Prior to the start of the public health emergency (PHE) at least one hospital we know of was closed due to the enforcement of this policy change. Thankfully, CMS has not enforced this policy change during the PHE, although it remains on the books ready for enforcement. In your March 31, 2022, letter to the Honorable Antonio Delgado, CMS indicated that the agency has delayed using the 2015 distance criteria for CAH recertification for the duration of the PHE. I am thankful that the agency agrees that it is inappropriate to pull critical funding streams from rural providers while the COVID pandemic continues to place enormous public health and financial strains on these providers. However, I am concerned your letter implies that enforcement of the sub-regulatory guidance may commence at the end of the PHE prior to CMS undergoing rulemaking. I respectfully request that CMS confirm that it will not enforce the current sub-regulatory guidance changing the definition of primary road in its State Operations Manual while the agency considers potential notice and comment rulemaking.

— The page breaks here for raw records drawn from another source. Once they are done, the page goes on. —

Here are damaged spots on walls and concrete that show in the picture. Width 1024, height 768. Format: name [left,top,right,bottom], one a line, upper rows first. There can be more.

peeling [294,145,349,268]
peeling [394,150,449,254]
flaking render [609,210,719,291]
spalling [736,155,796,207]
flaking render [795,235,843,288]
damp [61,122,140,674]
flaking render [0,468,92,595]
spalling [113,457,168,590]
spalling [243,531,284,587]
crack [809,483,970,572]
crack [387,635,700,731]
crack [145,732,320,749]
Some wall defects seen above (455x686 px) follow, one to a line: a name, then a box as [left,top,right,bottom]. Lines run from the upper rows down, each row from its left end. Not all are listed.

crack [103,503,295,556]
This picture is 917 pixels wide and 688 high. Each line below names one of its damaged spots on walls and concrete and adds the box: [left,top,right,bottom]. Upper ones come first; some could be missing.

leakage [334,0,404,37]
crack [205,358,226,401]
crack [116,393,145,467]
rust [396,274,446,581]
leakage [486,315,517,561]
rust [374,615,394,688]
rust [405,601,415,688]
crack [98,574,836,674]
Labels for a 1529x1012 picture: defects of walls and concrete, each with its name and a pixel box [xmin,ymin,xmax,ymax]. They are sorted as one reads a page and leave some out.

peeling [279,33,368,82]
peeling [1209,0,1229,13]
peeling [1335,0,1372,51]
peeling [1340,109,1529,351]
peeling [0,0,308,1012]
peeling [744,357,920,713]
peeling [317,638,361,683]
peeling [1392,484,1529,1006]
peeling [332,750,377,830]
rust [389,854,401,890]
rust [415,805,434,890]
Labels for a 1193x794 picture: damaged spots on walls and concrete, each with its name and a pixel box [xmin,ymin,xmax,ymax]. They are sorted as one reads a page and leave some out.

Further, I request that CMS revise its State Operations Manual to restore the pre-June 26, 2015 definition of “primary road”. As it stands today, the current policy after the definition change is not enforceable as the post-June 26, 2015, definition of primary road changed a substantive legal standard without being adopted through notice and comment rulemaking. 

Restoring the definition of primary road back to the pre-June 26, 2015, language in the State Operations Manual will make clear to State Survey Agency Directors the currently applicable policy that may be enforced when either certifying a new CAH or recertifying an existing CAH. I further ask that CMS provide State Survey Agency Directors with a memorandum analogous to the one on June 26, 2015, advising them of the change to the State Operations Manual and their obligation to apply the pre-June 26 2015 guidance.